Kitware
- Company type: Private
- Industry: Computer software; Large Data Visualization; Biomedical Imaging; Quality Software Process; Informatics; Data Publishing; Computer Vision; Open Source;
- Founded: New York (1998)
- Headquarters: Clifton Park, New York, USA
- Number of locations: Chapel Hill, North Carolina; Santa Fe, New Mexico; Minneapolis, Minnesota; Arlington, Virginia; Lyon, France;
- Key people: Lisa Avila; (CEO & co-founder); Bill Hoffman; (Chairman, CTO & co-founder); Claudine Hagen; (CFO); Will Schroeder; (co-founder); Ken Martin; (co-founder); Charles Law; (co-founder); Stephen Aylward; (Senior Director of Strategic Initiatives); Berk Geveci; (Senior Director of Scientific Computing); Anthony Hoogs; (Vice President of Artificial Intelligence);
- Products: High-performance computing, visualization, and storage;
- Number of employees: 195 (2024)
- Website: www.kitware.com

= Kitware =

American technology company

Kitware, Inc. is a technology company headquartered in Clifton Park, New York.

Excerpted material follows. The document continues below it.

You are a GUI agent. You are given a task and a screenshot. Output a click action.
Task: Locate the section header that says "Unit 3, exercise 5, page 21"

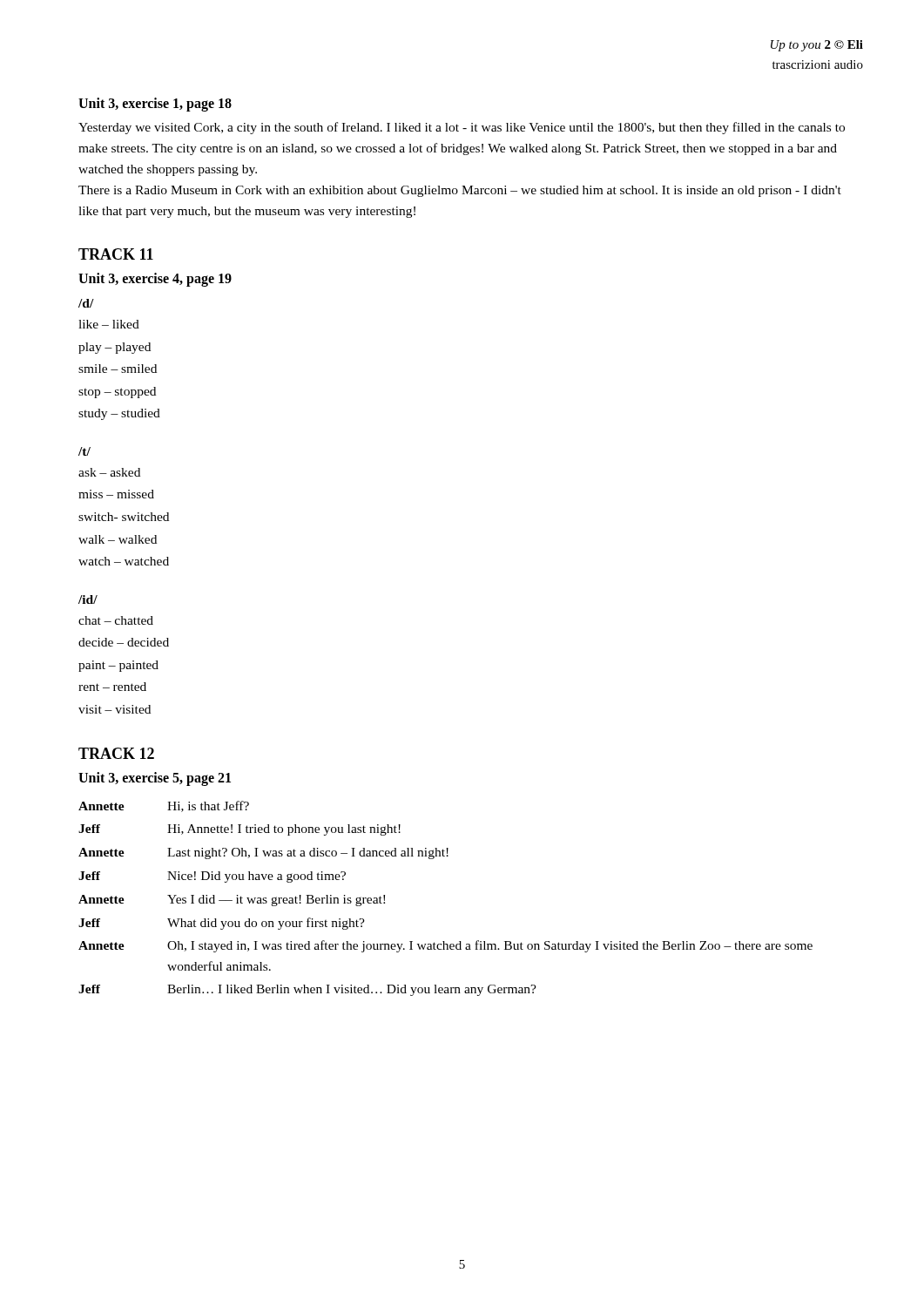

The company is involved in the research and development of open-source software in the fields of computer vision, medical imaging, visualization, 3D data publishing, and technical software development.

==History==
The company was founded in 1998 by Will Schroeder, Ken Martin, Lisa Avila, Charles Law and Bill Hoffman to support the Visualization Toolkit (VTK). VTK was initially created in 1993 by Schroeder, Martin and Bill Lorensen as companion software to “The Visualization Toolkit: An Object-Oriented Approach to 3D Graphics," originally published by Prentice-Hall. As VTK was released open source, a user community developed around the software and the founders of Kitware took this opportunity to start the business. Later, the company expanded its focus and offerings to include development in other areas such as biomedical imaging, large data visualization, quality software process, informatics, and data management.

The company has four additional offices: Carrboro, North Carolina; Minneapolis, Minnesota; Santa Fe, New Mexico; Arlington, Virginia; and Kitware SAS, the European office, in Lyon, France.

Kitware contributes to many popular open-source projects, such as VTK and CMake.